#### Work instruction
Collect all lines containing the word "dict" from the data.

#### Stored items
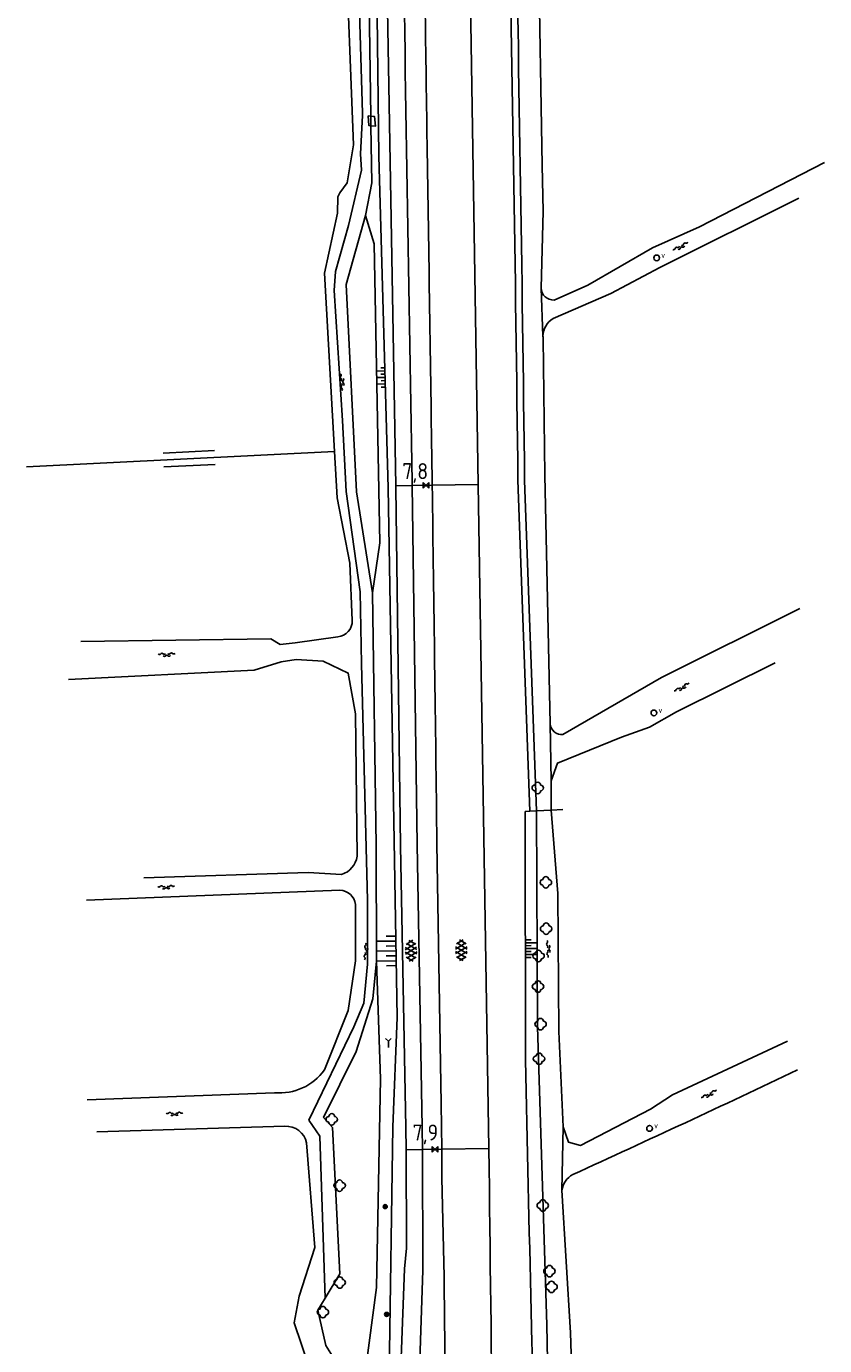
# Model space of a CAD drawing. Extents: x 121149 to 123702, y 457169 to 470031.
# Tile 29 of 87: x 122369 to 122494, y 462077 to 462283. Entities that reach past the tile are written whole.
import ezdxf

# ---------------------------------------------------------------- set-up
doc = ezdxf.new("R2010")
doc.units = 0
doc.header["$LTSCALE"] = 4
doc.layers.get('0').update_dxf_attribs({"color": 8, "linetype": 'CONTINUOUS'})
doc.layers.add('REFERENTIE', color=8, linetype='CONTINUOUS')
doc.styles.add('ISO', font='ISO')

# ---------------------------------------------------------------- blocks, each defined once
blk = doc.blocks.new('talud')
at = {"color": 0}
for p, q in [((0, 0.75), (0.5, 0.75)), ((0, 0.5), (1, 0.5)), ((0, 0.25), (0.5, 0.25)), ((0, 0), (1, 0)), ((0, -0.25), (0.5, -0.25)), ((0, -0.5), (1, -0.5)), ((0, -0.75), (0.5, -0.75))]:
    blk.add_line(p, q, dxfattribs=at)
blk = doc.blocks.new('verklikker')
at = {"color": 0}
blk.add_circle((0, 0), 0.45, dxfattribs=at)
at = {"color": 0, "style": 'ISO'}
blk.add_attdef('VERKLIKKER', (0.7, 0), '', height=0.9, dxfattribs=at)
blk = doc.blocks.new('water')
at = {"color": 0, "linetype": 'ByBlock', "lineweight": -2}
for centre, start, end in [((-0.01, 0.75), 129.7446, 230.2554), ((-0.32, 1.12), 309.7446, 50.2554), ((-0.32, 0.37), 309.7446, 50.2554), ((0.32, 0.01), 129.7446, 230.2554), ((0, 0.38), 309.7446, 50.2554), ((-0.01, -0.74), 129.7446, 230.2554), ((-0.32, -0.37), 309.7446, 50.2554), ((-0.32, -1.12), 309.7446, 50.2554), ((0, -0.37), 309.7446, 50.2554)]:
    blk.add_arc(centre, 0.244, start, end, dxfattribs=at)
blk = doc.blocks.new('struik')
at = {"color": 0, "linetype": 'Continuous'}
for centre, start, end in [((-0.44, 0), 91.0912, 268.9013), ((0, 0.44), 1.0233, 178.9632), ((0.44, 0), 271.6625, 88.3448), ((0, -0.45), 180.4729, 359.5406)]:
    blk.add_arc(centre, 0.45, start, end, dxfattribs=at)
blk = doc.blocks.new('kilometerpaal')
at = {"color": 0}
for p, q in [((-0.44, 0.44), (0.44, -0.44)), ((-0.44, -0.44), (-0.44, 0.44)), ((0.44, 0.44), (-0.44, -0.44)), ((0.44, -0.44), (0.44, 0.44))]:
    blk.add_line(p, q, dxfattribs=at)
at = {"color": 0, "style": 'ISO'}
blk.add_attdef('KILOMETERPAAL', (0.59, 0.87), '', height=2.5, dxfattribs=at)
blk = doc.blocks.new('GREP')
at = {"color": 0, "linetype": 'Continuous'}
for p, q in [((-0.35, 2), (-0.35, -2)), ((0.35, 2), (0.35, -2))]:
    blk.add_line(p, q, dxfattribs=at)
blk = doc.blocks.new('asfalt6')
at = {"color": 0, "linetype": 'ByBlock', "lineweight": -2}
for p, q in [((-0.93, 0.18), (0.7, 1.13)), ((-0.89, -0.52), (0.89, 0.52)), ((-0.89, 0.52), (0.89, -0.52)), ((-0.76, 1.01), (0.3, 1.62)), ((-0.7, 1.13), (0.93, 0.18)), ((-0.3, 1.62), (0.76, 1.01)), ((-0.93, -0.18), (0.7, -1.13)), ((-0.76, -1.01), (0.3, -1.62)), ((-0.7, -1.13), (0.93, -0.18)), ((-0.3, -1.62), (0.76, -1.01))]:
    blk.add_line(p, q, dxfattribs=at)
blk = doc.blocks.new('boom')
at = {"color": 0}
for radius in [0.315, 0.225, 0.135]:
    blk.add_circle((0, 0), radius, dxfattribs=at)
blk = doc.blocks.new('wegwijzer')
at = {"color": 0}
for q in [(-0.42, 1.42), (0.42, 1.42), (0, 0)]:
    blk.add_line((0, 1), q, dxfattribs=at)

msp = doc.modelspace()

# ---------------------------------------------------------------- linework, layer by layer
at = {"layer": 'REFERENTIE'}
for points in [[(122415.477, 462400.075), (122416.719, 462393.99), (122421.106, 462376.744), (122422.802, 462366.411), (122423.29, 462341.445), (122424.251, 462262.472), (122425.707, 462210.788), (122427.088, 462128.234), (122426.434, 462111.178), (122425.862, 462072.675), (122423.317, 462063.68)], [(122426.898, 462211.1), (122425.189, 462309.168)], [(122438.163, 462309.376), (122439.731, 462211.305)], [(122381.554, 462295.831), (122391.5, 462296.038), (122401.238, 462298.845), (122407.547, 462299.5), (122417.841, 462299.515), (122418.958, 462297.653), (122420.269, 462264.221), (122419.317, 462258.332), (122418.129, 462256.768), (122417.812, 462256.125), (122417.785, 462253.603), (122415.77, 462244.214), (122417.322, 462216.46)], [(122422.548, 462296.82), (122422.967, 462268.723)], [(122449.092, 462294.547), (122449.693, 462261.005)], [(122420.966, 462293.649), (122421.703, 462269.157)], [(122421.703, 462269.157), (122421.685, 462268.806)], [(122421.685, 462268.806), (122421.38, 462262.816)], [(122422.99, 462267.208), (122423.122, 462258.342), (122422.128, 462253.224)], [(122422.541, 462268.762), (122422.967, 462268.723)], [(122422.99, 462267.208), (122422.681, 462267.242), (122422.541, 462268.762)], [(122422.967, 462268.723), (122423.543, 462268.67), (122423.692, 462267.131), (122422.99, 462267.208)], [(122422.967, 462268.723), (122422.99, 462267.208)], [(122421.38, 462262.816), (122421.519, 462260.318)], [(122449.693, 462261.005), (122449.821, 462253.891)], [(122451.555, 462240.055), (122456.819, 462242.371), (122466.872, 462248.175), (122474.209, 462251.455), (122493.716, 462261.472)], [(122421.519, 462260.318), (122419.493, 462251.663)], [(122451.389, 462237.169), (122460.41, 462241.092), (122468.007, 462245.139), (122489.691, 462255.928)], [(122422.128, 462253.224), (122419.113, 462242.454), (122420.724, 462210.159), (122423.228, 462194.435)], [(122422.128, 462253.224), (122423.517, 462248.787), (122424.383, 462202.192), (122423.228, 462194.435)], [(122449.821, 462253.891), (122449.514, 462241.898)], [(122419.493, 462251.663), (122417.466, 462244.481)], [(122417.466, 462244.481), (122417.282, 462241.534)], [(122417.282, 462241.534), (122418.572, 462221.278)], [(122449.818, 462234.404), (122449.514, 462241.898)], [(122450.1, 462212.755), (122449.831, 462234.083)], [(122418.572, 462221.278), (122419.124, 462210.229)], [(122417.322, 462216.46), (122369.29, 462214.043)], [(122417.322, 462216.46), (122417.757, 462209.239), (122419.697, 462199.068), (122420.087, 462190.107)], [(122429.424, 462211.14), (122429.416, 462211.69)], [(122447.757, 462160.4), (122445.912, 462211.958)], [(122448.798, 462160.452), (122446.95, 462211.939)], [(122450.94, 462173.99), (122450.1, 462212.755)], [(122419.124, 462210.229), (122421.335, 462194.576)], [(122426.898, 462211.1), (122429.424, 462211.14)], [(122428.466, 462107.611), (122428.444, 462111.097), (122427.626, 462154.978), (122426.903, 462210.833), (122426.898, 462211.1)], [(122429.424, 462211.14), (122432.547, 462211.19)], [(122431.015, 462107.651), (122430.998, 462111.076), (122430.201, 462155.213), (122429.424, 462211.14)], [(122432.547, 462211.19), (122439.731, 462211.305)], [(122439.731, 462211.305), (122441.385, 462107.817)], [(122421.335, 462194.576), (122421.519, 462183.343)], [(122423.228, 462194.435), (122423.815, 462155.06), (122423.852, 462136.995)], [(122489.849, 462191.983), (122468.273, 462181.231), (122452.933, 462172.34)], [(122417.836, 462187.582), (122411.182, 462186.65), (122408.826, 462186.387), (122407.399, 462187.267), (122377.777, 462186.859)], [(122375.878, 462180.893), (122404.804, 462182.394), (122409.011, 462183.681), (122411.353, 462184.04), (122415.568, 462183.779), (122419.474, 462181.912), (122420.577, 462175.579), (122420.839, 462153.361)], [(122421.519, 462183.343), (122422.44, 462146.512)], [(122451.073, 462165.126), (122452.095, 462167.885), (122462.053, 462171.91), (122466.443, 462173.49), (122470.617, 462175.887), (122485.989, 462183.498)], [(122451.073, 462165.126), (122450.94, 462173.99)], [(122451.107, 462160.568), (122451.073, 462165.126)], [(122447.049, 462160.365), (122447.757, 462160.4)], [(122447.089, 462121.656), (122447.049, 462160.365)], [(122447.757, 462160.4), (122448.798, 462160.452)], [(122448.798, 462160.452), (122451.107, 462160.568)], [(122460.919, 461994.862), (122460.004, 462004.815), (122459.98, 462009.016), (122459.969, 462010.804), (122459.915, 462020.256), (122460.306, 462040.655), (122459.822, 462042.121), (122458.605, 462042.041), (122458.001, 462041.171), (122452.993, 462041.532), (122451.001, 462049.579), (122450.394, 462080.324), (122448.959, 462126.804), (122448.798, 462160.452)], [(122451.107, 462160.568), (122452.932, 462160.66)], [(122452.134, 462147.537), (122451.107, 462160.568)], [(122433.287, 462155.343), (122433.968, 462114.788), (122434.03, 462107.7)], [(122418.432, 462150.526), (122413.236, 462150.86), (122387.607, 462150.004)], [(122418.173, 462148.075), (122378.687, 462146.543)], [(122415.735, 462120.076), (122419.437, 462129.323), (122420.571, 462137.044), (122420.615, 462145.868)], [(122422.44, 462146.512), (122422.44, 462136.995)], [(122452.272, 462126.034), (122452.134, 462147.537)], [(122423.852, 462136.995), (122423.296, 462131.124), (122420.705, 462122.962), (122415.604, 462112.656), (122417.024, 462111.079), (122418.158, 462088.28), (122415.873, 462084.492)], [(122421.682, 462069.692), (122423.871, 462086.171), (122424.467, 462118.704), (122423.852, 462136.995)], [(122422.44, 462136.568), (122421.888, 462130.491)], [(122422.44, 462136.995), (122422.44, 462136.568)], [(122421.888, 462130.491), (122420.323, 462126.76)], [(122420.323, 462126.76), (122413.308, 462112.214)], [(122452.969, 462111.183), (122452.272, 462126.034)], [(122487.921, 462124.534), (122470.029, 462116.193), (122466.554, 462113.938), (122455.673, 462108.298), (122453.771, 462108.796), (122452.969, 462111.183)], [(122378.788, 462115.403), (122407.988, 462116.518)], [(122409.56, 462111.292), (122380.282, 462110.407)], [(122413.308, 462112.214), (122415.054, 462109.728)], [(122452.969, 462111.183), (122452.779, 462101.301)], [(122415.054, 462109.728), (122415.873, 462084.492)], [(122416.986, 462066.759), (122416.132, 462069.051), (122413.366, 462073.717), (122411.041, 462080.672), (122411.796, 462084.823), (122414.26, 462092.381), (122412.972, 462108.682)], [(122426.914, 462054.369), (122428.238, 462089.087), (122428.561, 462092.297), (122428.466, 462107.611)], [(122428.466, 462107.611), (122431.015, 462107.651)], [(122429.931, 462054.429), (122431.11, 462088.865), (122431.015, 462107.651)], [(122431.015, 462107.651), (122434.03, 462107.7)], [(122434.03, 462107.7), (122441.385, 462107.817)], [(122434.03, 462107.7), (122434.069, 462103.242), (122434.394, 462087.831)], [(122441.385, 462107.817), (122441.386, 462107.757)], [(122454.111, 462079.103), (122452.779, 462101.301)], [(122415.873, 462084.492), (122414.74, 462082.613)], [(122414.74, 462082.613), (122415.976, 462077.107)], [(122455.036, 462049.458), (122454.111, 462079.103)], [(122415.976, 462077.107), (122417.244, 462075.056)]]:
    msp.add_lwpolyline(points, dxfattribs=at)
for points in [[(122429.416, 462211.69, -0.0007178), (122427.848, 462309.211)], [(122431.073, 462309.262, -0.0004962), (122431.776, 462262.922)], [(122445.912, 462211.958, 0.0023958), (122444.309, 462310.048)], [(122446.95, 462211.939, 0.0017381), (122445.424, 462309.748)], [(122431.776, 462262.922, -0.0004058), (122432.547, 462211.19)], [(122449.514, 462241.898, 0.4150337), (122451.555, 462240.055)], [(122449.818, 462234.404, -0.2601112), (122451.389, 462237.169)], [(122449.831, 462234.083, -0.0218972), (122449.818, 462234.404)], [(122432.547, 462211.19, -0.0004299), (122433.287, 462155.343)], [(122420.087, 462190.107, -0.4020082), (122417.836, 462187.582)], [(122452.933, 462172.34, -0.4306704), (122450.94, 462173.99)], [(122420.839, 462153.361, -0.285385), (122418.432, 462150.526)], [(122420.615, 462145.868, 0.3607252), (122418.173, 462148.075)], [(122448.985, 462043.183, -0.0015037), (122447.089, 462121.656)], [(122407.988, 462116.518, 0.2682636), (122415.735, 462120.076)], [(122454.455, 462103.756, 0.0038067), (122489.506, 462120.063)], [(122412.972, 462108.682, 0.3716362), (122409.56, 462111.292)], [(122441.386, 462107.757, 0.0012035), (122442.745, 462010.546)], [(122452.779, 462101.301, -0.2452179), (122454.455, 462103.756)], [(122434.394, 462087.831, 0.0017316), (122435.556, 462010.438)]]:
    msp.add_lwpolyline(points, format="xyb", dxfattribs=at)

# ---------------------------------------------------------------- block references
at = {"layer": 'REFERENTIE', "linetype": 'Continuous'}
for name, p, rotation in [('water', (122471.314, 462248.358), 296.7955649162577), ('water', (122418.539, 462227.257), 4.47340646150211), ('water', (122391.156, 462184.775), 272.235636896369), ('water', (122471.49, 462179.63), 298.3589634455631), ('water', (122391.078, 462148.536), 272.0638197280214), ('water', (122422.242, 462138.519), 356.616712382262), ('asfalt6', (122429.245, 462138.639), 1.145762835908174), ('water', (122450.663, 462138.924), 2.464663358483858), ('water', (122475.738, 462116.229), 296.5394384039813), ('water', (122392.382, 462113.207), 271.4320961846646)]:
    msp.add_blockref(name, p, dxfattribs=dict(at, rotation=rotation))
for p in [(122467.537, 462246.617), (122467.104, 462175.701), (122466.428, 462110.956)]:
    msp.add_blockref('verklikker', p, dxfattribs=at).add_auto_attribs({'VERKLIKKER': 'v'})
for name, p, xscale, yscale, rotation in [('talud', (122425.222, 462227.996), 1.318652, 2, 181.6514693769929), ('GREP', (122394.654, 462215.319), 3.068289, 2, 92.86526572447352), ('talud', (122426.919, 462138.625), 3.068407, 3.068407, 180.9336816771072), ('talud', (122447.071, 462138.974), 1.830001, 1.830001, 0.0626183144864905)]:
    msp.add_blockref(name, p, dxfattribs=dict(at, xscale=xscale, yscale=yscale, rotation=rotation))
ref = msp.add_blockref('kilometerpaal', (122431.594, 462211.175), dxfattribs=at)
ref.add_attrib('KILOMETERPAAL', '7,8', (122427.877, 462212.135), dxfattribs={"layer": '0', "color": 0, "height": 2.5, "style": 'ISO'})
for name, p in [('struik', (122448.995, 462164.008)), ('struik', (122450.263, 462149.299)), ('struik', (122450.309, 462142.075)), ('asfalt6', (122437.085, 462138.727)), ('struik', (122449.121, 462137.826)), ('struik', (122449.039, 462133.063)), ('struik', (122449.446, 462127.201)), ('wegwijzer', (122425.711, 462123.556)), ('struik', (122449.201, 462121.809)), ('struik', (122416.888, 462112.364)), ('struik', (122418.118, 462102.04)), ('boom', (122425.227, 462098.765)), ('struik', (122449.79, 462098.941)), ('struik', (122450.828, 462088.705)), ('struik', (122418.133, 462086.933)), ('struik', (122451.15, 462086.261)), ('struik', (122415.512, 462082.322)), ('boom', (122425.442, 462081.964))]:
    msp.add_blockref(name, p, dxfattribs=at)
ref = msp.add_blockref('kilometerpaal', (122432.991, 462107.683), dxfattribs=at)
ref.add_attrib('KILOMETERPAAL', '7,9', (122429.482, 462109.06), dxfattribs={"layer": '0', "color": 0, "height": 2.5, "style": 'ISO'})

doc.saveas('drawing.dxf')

#### Solution to this exercise
    msp.add_blockref(name, p, dxfattribs=dict(at, rotation=rotation))
    msp.add_blockref(name, p, dxfattribs=dict(at, xscale=xscale, yscale=yscale, rotation=rotation))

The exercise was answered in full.